Reverting to South America, Argentina had a still worse day than Brazil, actually losing in Santiago to Chile, thus provoking the resignation of their veteran coach, Alfio Basile, in his second spell as international manager. Yet on the face of it Brazil, not least judged on their rich pool of players, surely should be doing vastly better. As for Brazil, Dunga, once so popular an international captain, has been under withering fire as the team’s manager for months Brazilian fans have never been convinced by the kind of football the team has tended to play under him, always looking for brio and brilliance, and when that football doesn’t even bring results – worst of all in the home draw with Bolivia, 0-0. A team which has so seldom functioned away from the heights of La Paz, salt is rubbed in the wounds.


Hey ho! Daniel Levy has given Juande Ramos the dreaded vote of confidence, and the director of football or whatever he calls himself, Comolli, seems the fall guy.

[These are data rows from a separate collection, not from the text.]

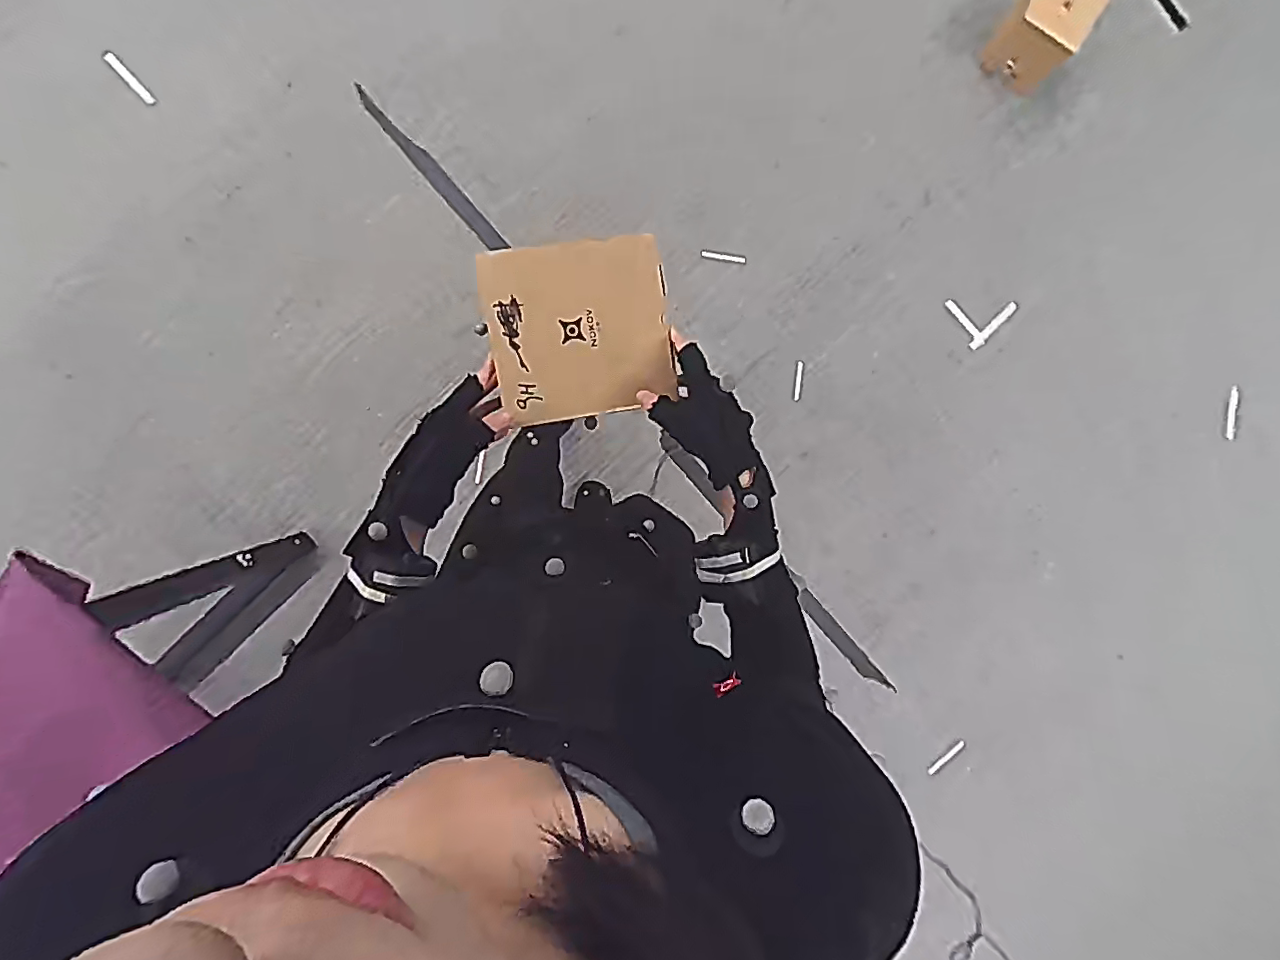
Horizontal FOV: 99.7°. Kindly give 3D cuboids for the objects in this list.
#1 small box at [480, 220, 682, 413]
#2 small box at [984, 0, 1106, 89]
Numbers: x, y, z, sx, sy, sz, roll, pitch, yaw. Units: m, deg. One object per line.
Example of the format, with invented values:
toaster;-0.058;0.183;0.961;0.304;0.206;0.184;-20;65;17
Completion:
small box;-0.064;-0.164;0.587;0.179;0.176;0.168;-8;97;-7
small box;1.040;-1.176;1.396;0.168;0.176;0.179;29;93;-4
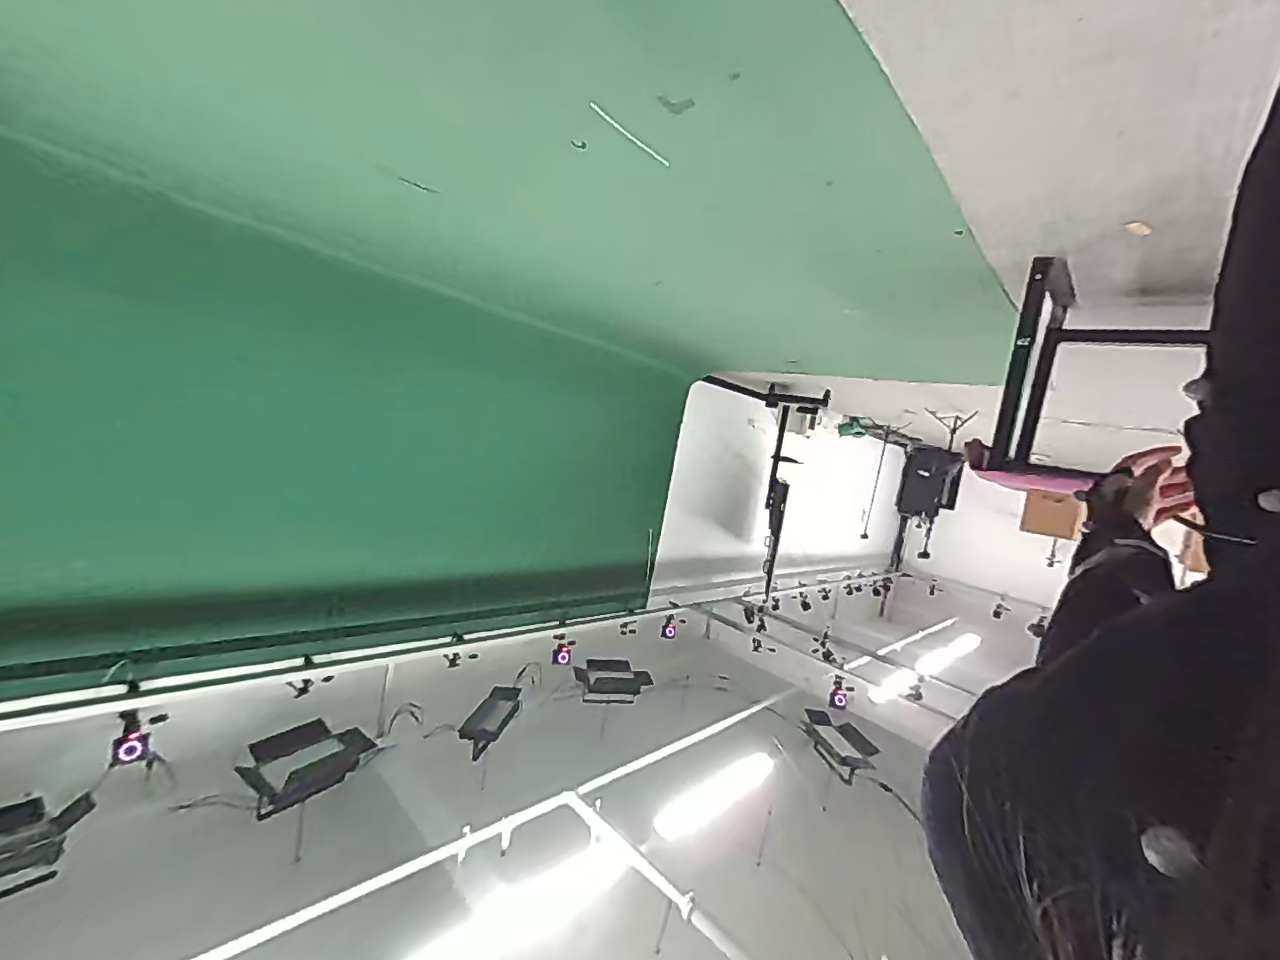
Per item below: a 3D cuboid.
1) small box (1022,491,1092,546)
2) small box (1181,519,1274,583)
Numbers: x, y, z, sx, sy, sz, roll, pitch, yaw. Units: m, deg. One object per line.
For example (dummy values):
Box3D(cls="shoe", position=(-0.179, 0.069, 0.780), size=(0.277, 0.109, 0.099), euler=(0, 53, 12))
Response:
Box3D(cls="small box", position=(1.553, 0.142, 2.007), size=(0.179, 0.176, 0.168), euler=(9, -178, -43))
Box3D(cls="small box", position=(1.879, 0.222, 1.733), size=(0.179, 0.176, 0.168), euler=(13, -177, 42))
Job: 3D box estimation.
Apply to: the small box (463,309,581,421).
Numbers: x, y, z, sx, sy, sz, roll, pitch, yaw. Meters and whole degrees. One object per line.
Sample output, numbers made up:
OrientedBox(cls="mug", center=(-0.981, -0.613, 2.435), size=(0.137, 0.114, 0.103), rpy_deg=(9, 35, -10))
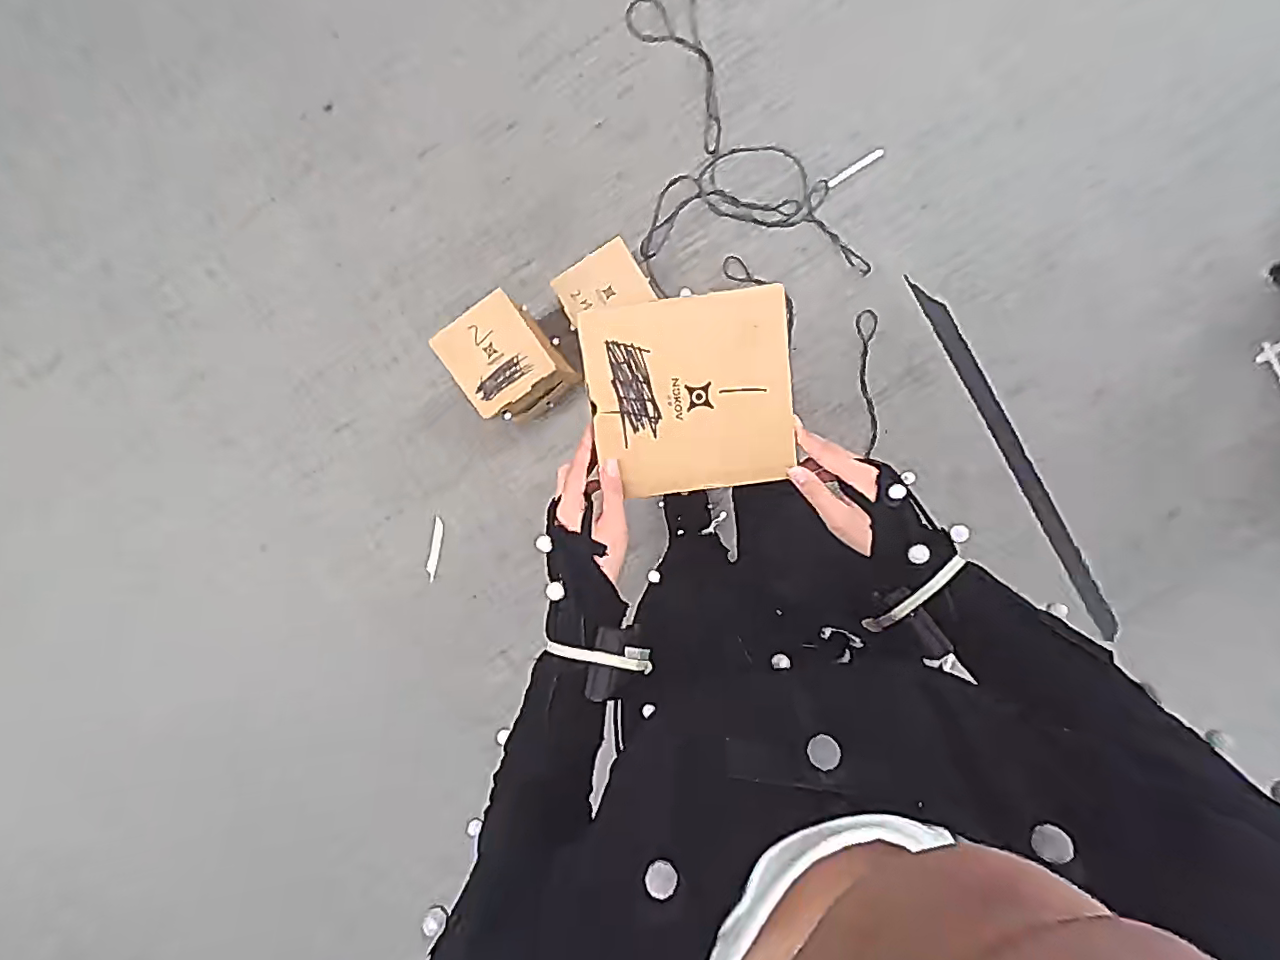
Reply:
OrientedBox(cls="small box", center=(-0.253, -0.246, 1.199), size=(0.168, 0.176, 0.179), rpy_deg=(-40, 95, 6))

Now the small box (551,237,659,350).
OrientedBox(cls="small box", center=(-0.068, -0.386, 1.172), size=(0.179, 0.176, 0.168), rpy_deg=(-31, 95, 6))

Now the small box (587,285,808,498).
OrientedBox(cls="small box", center=(0.055, -0.084, 0.529), size=(0.179, 0.176, 0.168), rpy_deg=(-5, 101, 4))

Almost anywhere else in Europe Ramos would be long gone after such a catalogue of appalling results, but the true villains of the piece are surely the Spurs leaders, ever since that deplorable day when a deputation sneaked behind the back of the unfortunate (though now, at Hamburg, flourishing) Martin Jol, to chat up Ramos in Seville. All of which at the time you may remember was duplicitously denied.

Jol it is true was going through a poor patch with the team. Yet looking further back, Spurs could so easily have gone into the European Champions Cup itself a couple of seasons back, had it not been for the fact that practically the whole team fell ill after a meal on the way to a vital game at West Ham. The Premier League refused a postponement, Spurs duly lost and were leapfrogged by the eternal local rivals, Arsenal.

This season, I don’t think Ramos has made much of a job of deploying the abundant talent which is certainly at his disposal, but you cannot help hoping that Levy and co do sell their shares and that new, more acceptable, owners take over.